Reading the records beneath this task, work out how many lines contain the word "органов" and reply with only that number.

[Opening The records section]

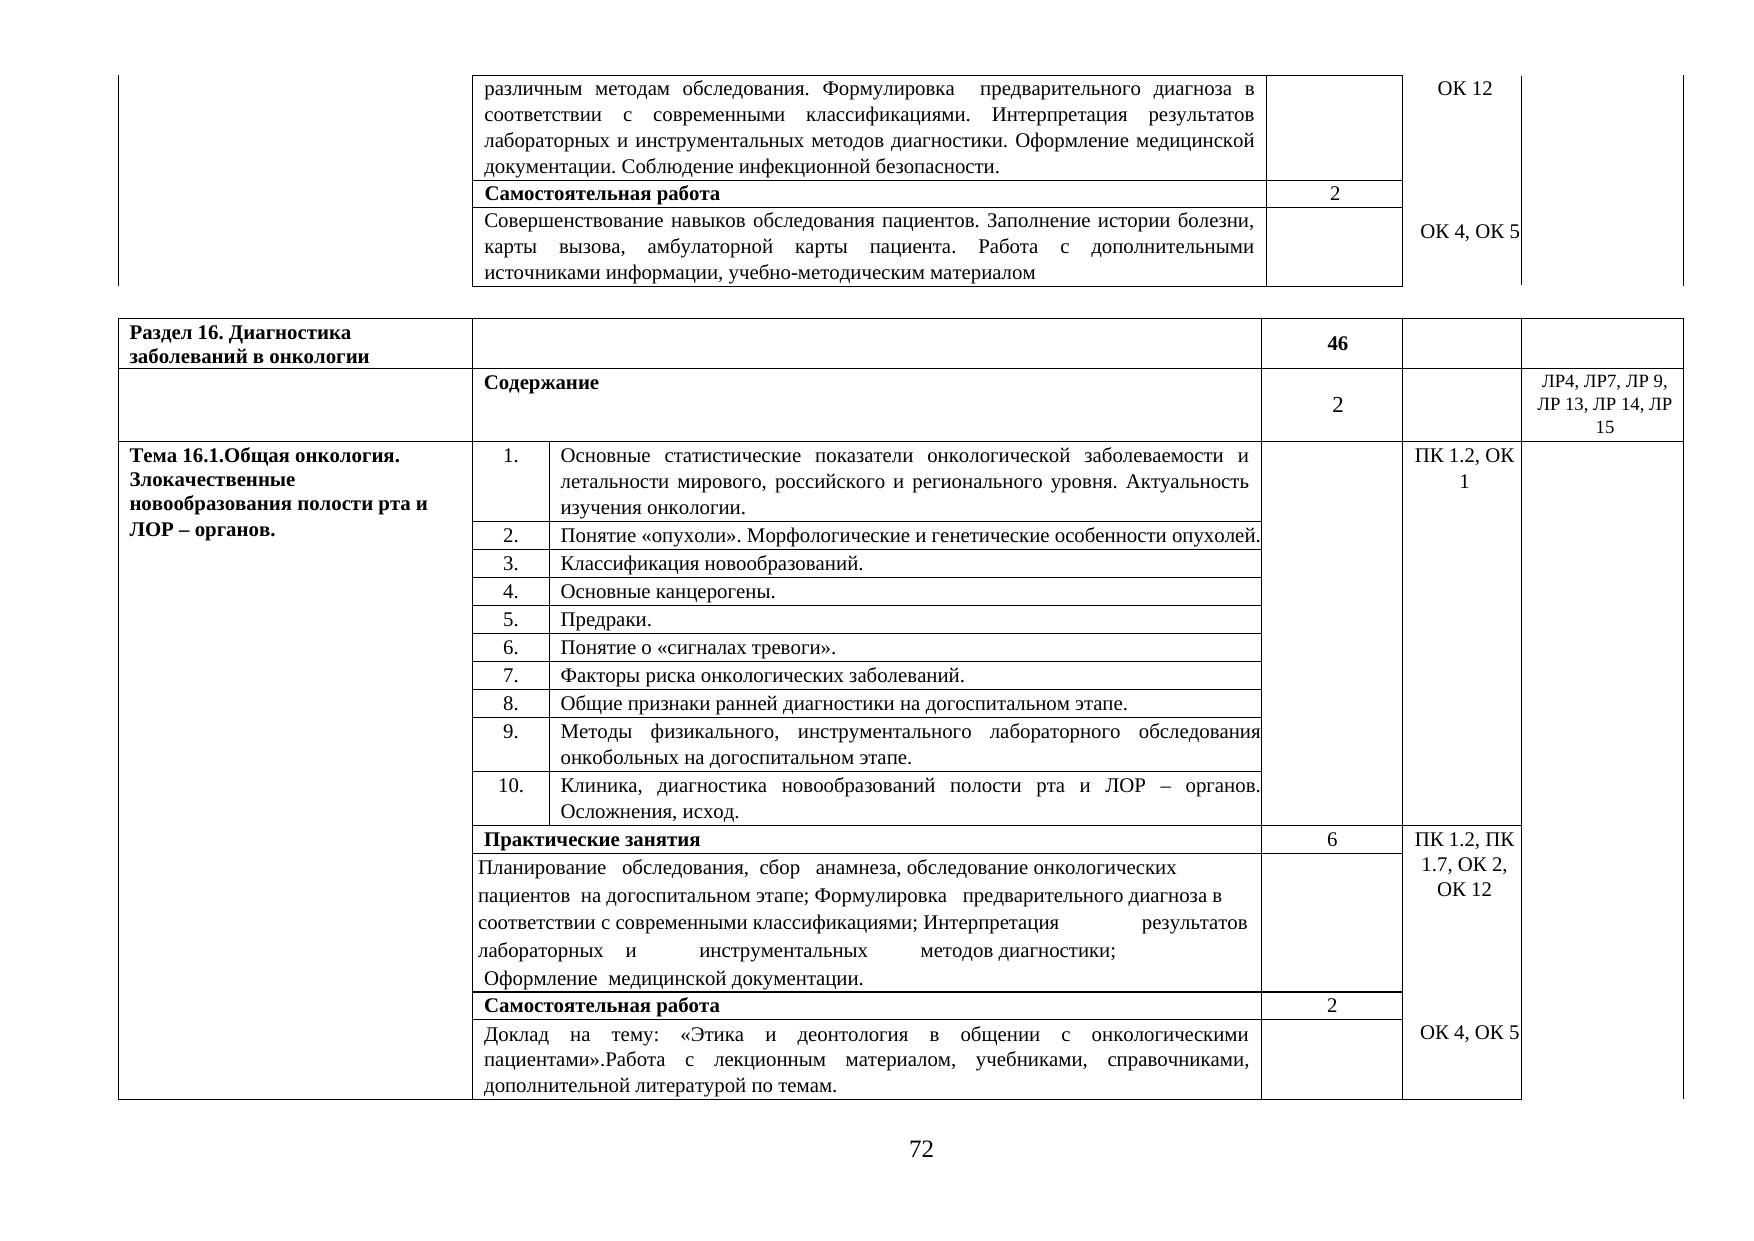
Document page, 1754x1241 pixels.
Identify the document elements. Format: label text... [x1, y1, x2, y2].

table_cell [1262, 854, 1402, 991]
table_cell Общие признаки ранней диагностики на догоспитальном этапе. [550, 690, 1261, 717]
table_cell 2 [1267, 181, 1402, 207]
table_cell ПК 1.2, ПК 1.7, ОК 2, ОК 12 ОК 4, ОК 5 [1403, 826, 1521, 1099]
table_cell 2 [1262, 993, 1402, 1019]
table_cell 1. [473, 442, 549, 521]
table_cell различным методам обследования. Формулировка предварительного диагноза в соответствии с современными классификациями. Интерпретация результатов лабораторных и инструментальных методов диагностики. Оформление медицинской документации. Соблюдение инфекционной безопасности. [473, 76, 1266, 180]
table_cell 3. [473, 550, 549, 577]
table_cell 4. [473, 578, 549, 605]
table_cell Методы физикального, инструментального лабораторного обследования онкобольных на догоспитальном этапе. [550, 718, 1261, 771]
table_cell 2. [473, 522, 549, 549]
table_cell [1403, 369, 1521, 441]
table_header [1403, 319, 1521, 368]
table_cell [119, 369, 472, 441]
table_header [473, 319, 1261, 368]
table_cell 9. [473, 718, 549, 771]
table_cell Планирование обследования, сбор анамнеза, обследование онкологических пациентов на догоспитальном этапе; Формулировка предварительного диагноза в соответствии с современными классификациями; Интерпретация результатов лабораторных и инструментальных методов диагностики; Оформление медицинской документации. [473, 854, 1261, 991]
table_cell 7. [473, 662, 549, 689]
table_cell ЛР4, ЛР7, ЛР 9, ЛР 13, ЛР 14, ЛР 15 [1522, 369, 1683, 441]
table_cell [1522, 771, 1683, 1099]
table_cell Основные статистические показатели онкологической заболеваемости и летальности мирового, российского и регионального уровня. Актуальность изучения онкологии. [550, 442, 1261, 521]
table_header 46 [1262, 319, 1402, 368]
table_cell 5. [473, 606, 549, 633]
table_cell 8. [473, 690, 549, 717]
table_cell [1262, 1020, 1402, 1099]
table_cell [1267, 208, 1402, 286]
table_cell [1267, 76, 1402, 180]
table_cell Доклад на тему: «Этика и деонтология в общении с онкологическими пациентами».Работа с лекционным материалом, учебниками, справочниками, дополнительной литературой по темам. [473, 1020, 1261, 1099]
table_cell Содержание [473, 369, 1261, 441]
table_cell Практические занятия [473, 826, 1261, 853]
table_header Раздел 16. Диагностика заболеваний в онкологии [119, 319, 472, 368]
table_cell Основные канцерогены. [550, 578, 1261, 605]
table_cell 2 [1262, 369, 1402, 441]
table_cell Понятие «опухоли». Морфологические и генетические особенности опухолей. [550, 522, 1261, 549]
table_cell Факторы риска онкологических заболеваний. [550, 662, 1261, 689]
table_cell [1262, 442, 1402, 825]
table_cell Клиника, диагностика новообразований полости рта и ЛОР – органов. Осложнения, исход. [550, 772, 1261, 825]
table_header [1522, 319, 1683, 368]
table_cell ПК 1.2, ОК 1 [1403, 442, 1521, 825]
table_cell Самостоятельная работа [473, 181, 1266, 207]
table_cell 6 [1262, 826, 1402, 853]
table_cell 6. [473, 634, 549, 661]
table_cell Совершенствование навыков обследования пациентов. Заполнение истории болезни, карты вызова, амбулаторной карты пациента. Работа с дополнительными источниками информации, учебно-методическим материалом [473, 208, 1266, 286]
table_cell Самостоятельная работа [473, 993, 1261, 1019]
table_cell [1522, 442, 1683, 771]
table_cell Классификация новообразований. [550, 550, 1261, 577]
table_cell Понятие о «сигналах тревоги». [550, 634, 1261, 661]
table_cell Тема 16.1.Общая онкология. Злокачественные новообразования полости рта и ЛОР – органов. [119, 442, 472, 1099]
table_cell 10. [473, 772, 549, 825]
table_cell Предраки. [550, 606, 1261, 633]

[Closing The records section]

Exercise response:
2